Ein weiterer häufiger Fall: Die Sitzung zeigt den Namen eines anderen Benutzers an (an einem gemeinsam genutzten Arbeitsplatz am Flughafen oder im Crew-Raum). Die Lösung besteht darin, auf “anderer Benutzer” auf der Seite der föderierten Authentifizierung fedidp.airfranceklm.com zu klicken und manuell die eigene Kennung einzugeben.
GP-Tickets und Transportvorteile: Was Intralignes verwalten kann
Über die HR-Funktionen hinaus bietet Intralignes Zugang zur Verwaltung von GP-Tickets (Freiflüge), einem der am häufigsten genutzten Vorteile für Mitarbeiter von Air France. Diese Tickets ermöglichen es, zu ermäßigten oder kostenlosen Tarifen im Netzwerk der Fluggesellschaft und ihrer Partner zu reisen, vorbehaltlich der Verfügbarkeit.

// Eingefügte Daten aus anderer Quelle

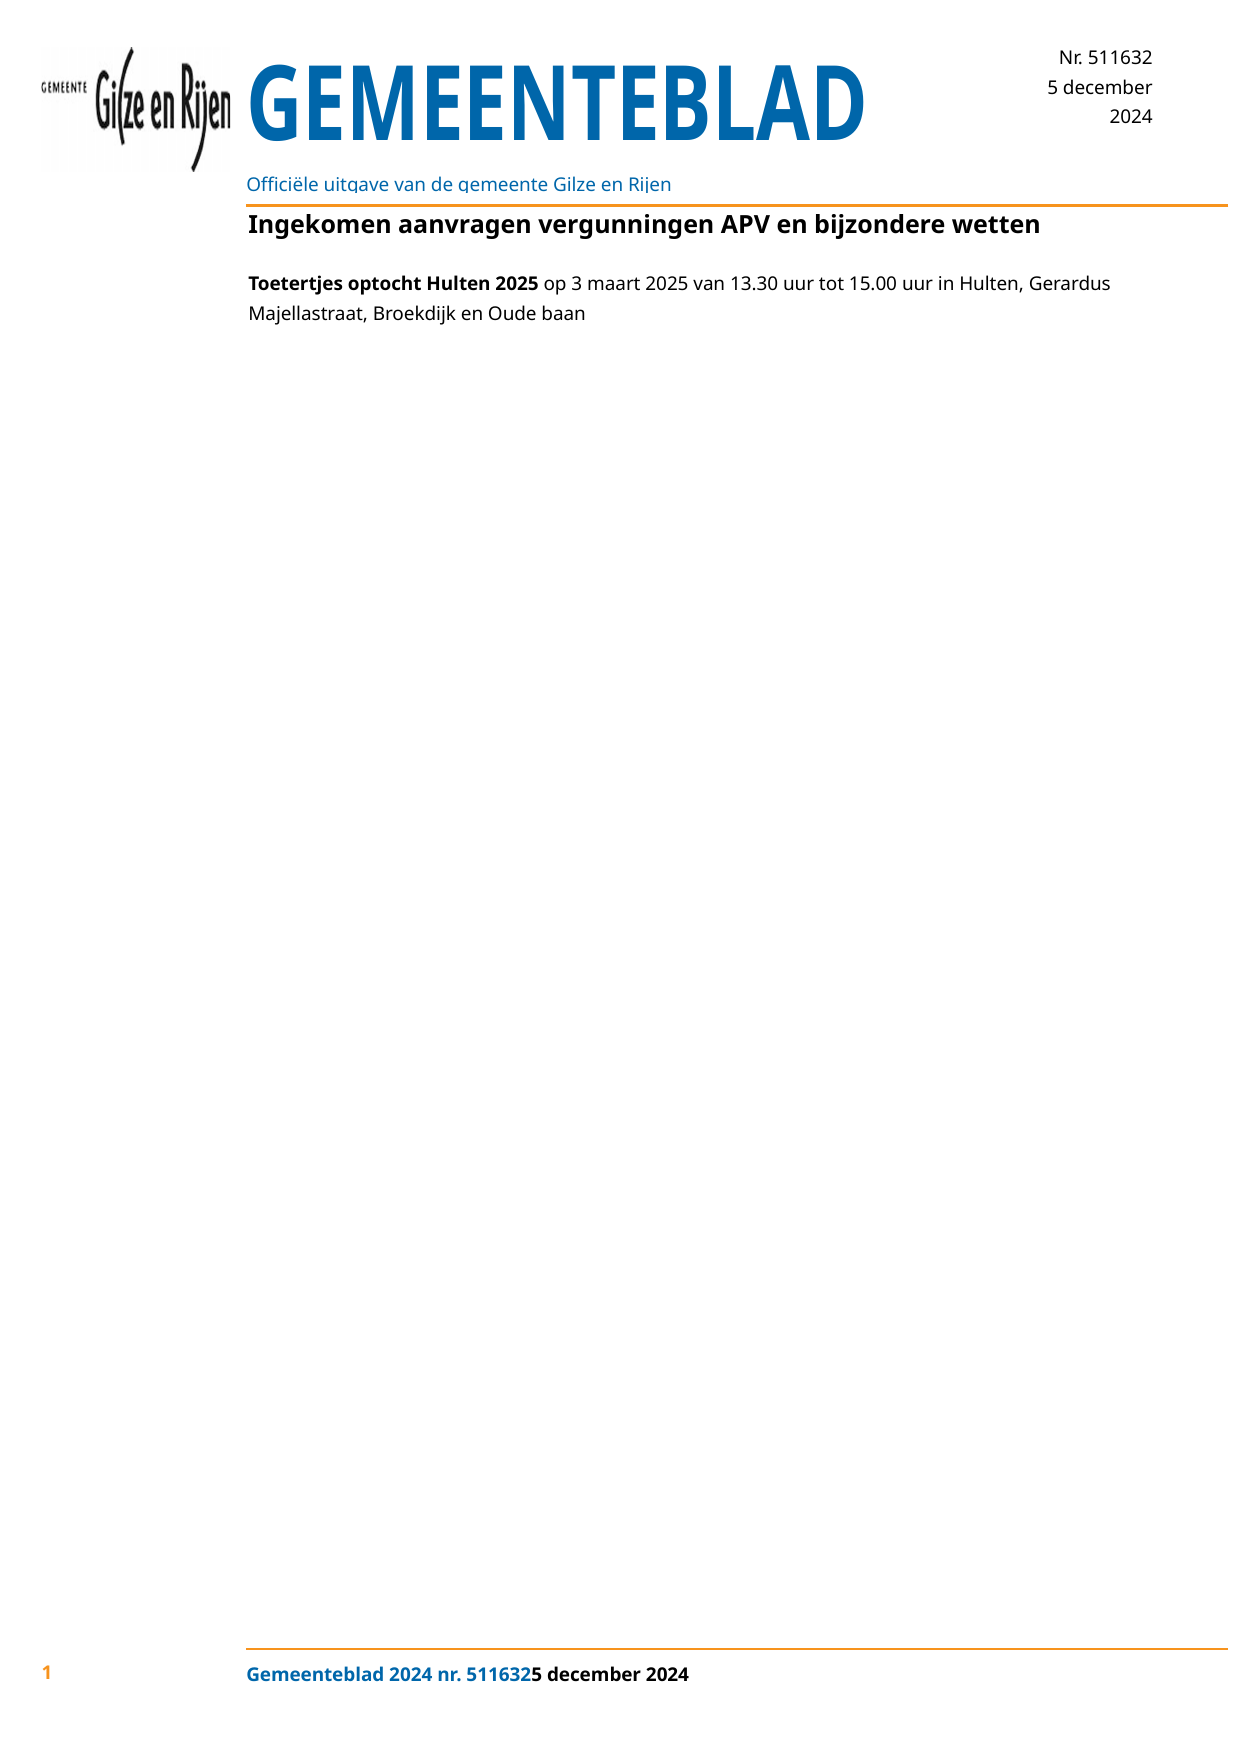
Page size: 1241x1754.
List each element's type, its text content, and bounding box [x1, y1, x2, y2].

picture [41, 47, 231, 172]
text Ingekomen aanvragen vergunningen APV en bijzondere wetten [248, 207, 1152, 241]
text Toetertjes optocht Hulten 2025 op 3 maart 2025 van 13.30 uur tot 15.00 uur in Hulten, Gerardus Majellastraat, Broekdijk en Oude baan [248, 270, 1152, 326]
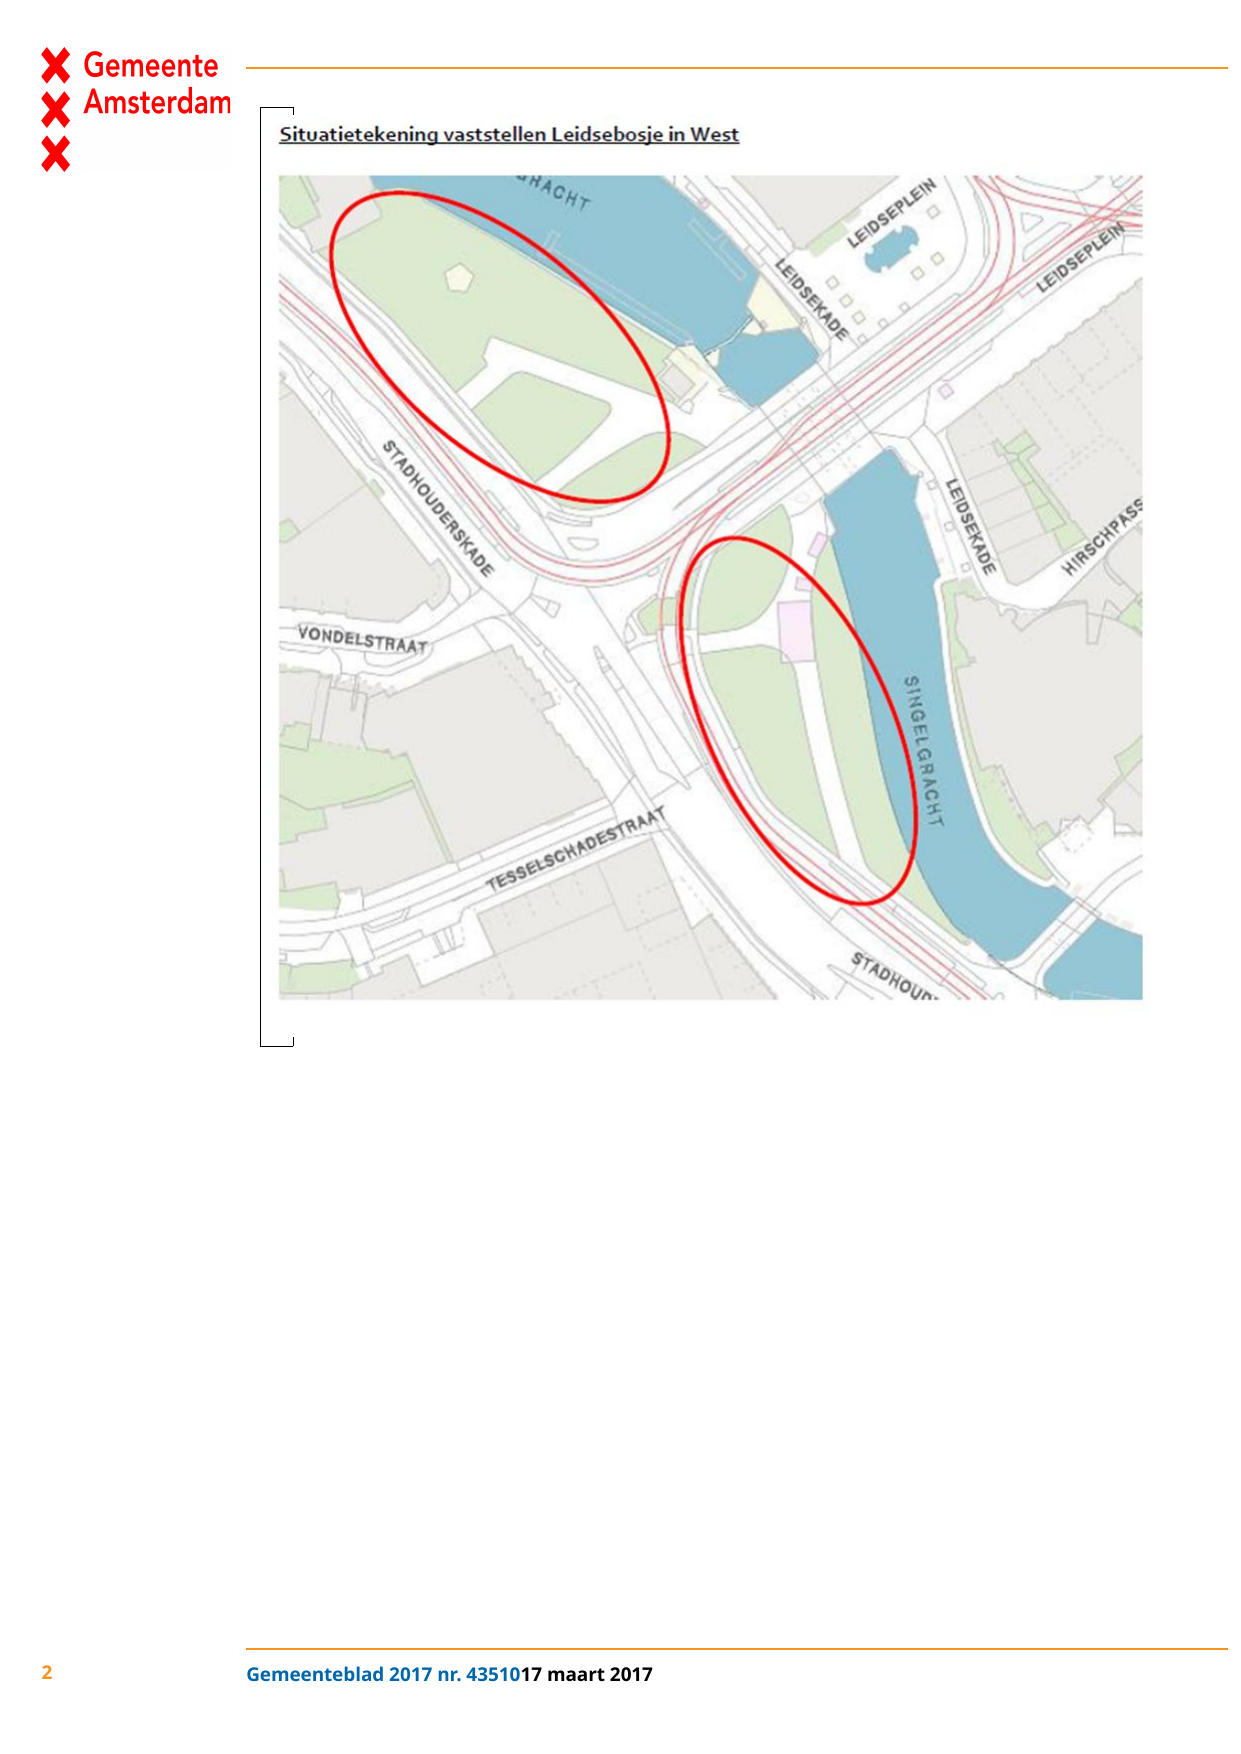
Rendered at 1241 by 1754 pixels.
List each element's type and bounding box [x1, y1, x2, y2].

Die Abfrage der Tarife, die Buchung für Berechtigte und die Verfolgung der Anfragen erfolgen über das Portal. Die GP-Tickets unterliegen Prioritäts- und Verfügbarkeitsregeln, die je nach Status des Mitarbeiters (aktiv, im Ruhestand) und der Beziehung zum Berechtigten variieren.
Das Portal zentralisiert auch Informationen zu Versicherungen, zur ergänzenden Sozialversicherung und zu internen Mitteilungen der Geschäftsführung. Jedes Berufsprofil (PNC, Pilot, Bodenpersonal) hat Zugang zu einer gefilterten Schnittstelle, die auf seine Bedürfnisse zugeschnitten ist, was die Informationsüberlastung begrenzt.
Die Kombination aus einheitlichem Passwort und PingID-Authentifizierung erleichtert den Zugang, sobald die anfängliche Konfiguration abgeschlossen ist. Der eigentliche Reibungspunkt bleibt diese erste Konfiguration, die das Unternehmen klarer dokumentieren sollte, bereits im Einstellungsprozess.